Standesvertreter treffen sich zum gemeinsamen Montagsgebet
In der Tat scheint ein revolutionärer Geist unter den Hausärzten zu rumoren seit der Generalversammlung des Verbandes am 30. Januar in Nürnberg. Überall im Land organisieren Mediziner Protestveranstaltungen. In Würzburg marschierten vor drei Wochen mehr als 2000 Ärzte und Patienten durch die Innenstadt, in Passau treffen sich die Niedergelassenen während der Fastenzeit zu Montagsgebeten in der Nikolaikirche.
»Ich wollte immer mein eigener Herr sein«, sagt Roland Famulla am Schreibtisch seines Sprechzimmers in der 8000-Einwohner-Gemeinde Münnerstadt. Deshalb habe er vor sieben Jahren zusammen mit seiner Frau die Praxis übernommen.
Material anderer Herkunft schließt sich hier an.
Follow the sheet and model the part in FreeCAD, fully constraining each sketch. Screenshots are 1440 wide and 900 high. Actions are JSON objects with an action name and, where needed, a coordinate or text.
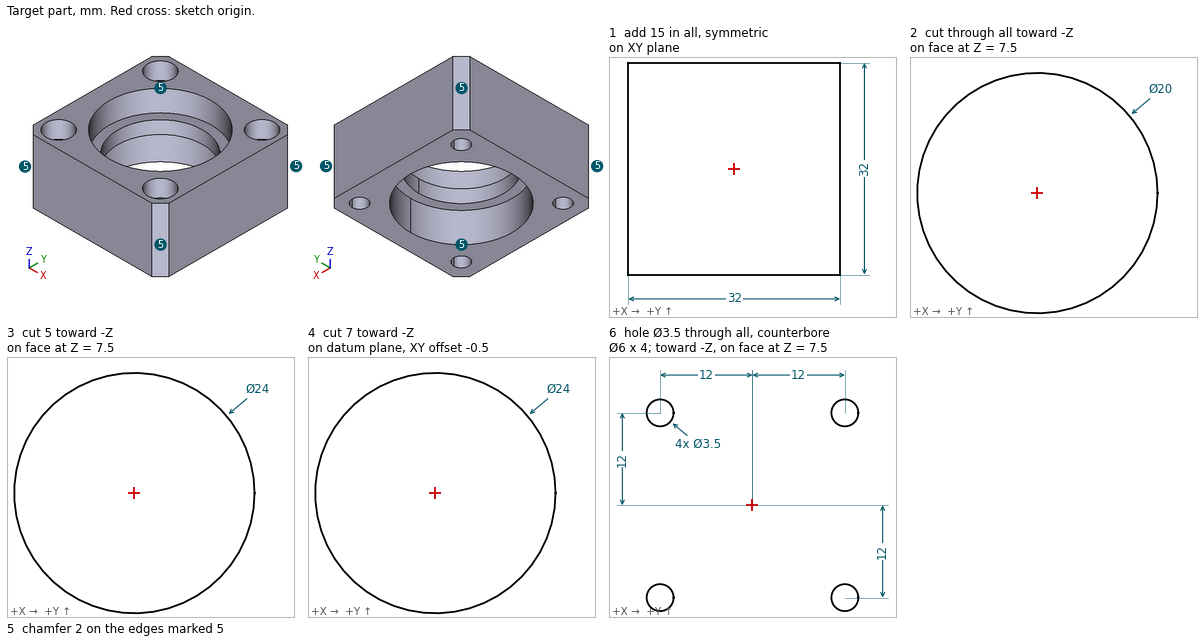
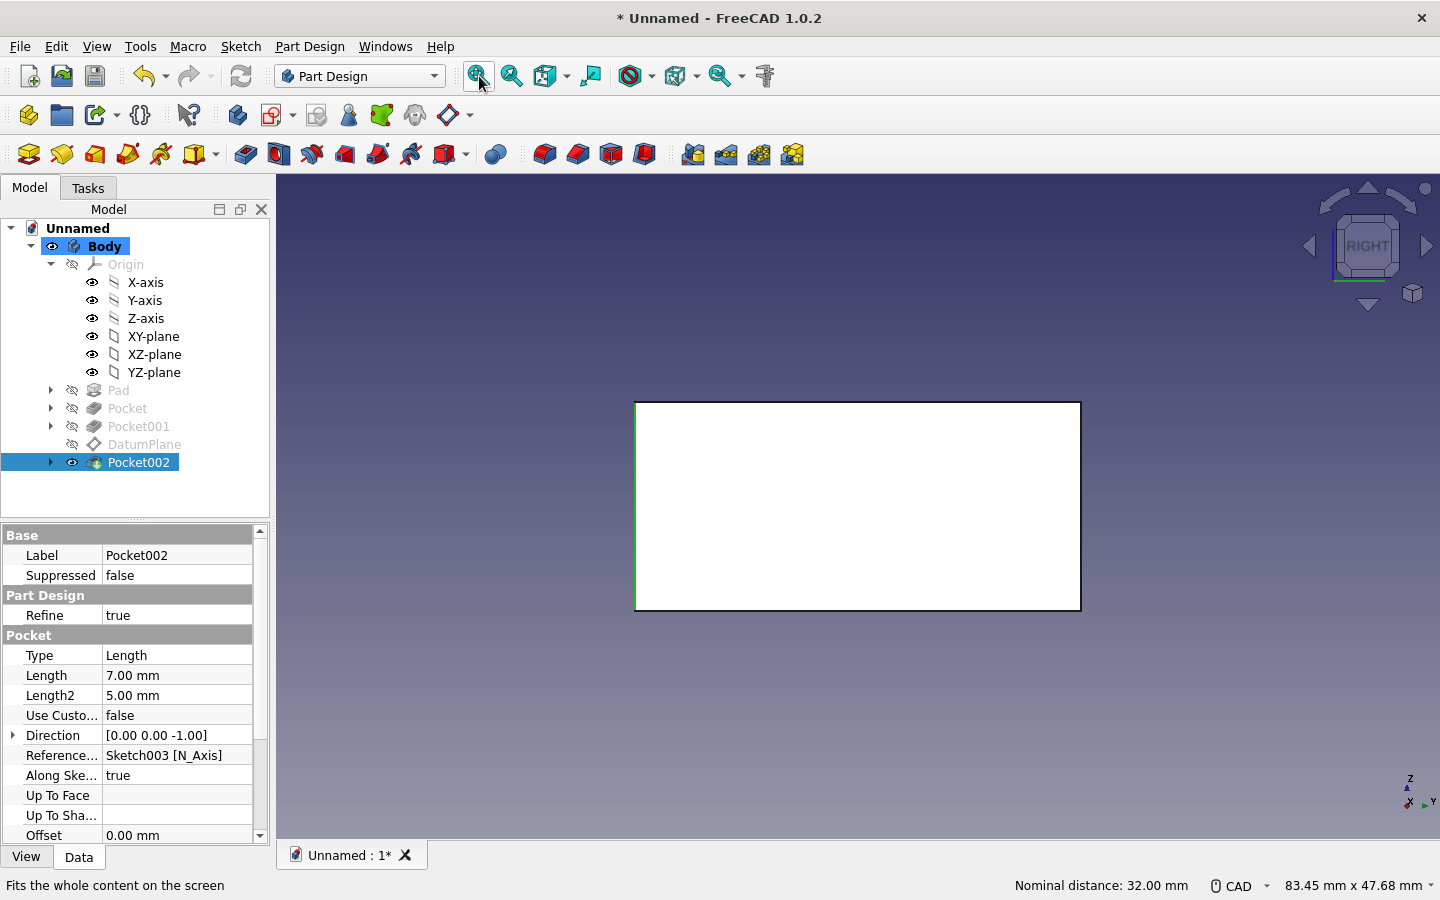
{"action": "left_click", "coordinate": [1081, 505], "text": "ctrl"}

Durch den »Bürokratismus und die Gängelei der KV« fühle er sich aber schon lange nicht mehr als Freiberufler.
Viele der Patienten der Famullas sind alt oder chronisch krank. » Wir haben aber immer weniger Zeit für die Patienten und immer mehr Bürokratie«, sagt der 45-Jährige mit der randlosen Brille und öffnet einen Schrank voller Formulare. So mache ihm die Arbeit keinen Spaß mehr.
Darum sind Famulla und seine Frau auch im Januar nach Nürnberg gefahren und haben mit 6000 Kollegen gejubelt, als Wolfgang Hoppenthaller rief: »Wir müssen uns wehren!« Damals haben die Famullas erstmals überlegt, beim Protest mitzumachen. Wie viele jüngere Ärzte haben sie Angst, dass die Bank ihnen den Kredit kündigt, wenn sie ihre Zulassung zurückgeben, oder dass die Kassen sich dann weigern, Rechnungen zu zahlen. Was genau passieren wird, kann ihnen niemand sagen. Im Flur seiner Praxis hat das Ehepaar ein Plakat des Hausärzteverbandes aufgehängt. » Beschwerden richten Sie bitte an die CSU!«, steht darauf.
Der Protest im Wartezimmer macht den Christsozialen schwer zu schaffen. Kurz vor der Kommunalwahl Anfang März stampfte Sozialministerin Christa Stewens deshalb noch ein Expertengremium aus dem Boden. Vertreter der Krankenkassen, der KV und der Landesärztekammern sollen darin über Bürokratieabbau, Nachwuchsförderung und Strukturveränderungen beraten. Genutzt hat diese Initiative kurzfristig nichts. Die CSU hat trotzdem Stimmen verloren, und der Hausärzteverband verweigert dem Gremium die Mitarbeit.
In manchen Landkreisen gibt jeder zweite Arzt seine Zulassung zurück
»Die Expertenrunde dient nur dazu, so zu tun, als wolle man etwas tun«, sagt Wolfgang Hoppenthaller. Schlichtungsversuche von Ministerpräsident Günther Beckstein hat er abblitzen lassen. Immer öfter hört man seitdem, wie CSU-Politiker den Gesundheitsfonds infrage stellen Präventivmaßnahmen für die Landtagswahl im Herbst.
Die bayerischen Ärzte kämpfen derweil weiter für den Ausstieg. 300 Mediziner sind an diesem Mittwochnachmittag in Würzburg zusammengekommen. Sie suchen nach Strategien, um die letzten Zweifler zu überzeugen. » Wir könnten Rundfaxe an die Kollegen schicken«, schlägt einer vor. Persönliche Gespräche sind viel sinnvoller, findet der Delegierte aus Aschaffenburg. In seinem Landkreis hat sich erst ein Drittel der Ärzte zum Ausstieg bereit erklärt.
Und ob davon alle den Weg bis zu Ende gehen, ist längst nicht sicher.
Vor der endgültigen Rückgabe der Zulassungen wird noch einmal abgestimmt. » Ob ich hundertprozentig dabeibleibe, kann ich jetzt noch nicht sagen«, sagt auch Roland Famulla. Er hat noch immer nicht aufgehört zu grübeln.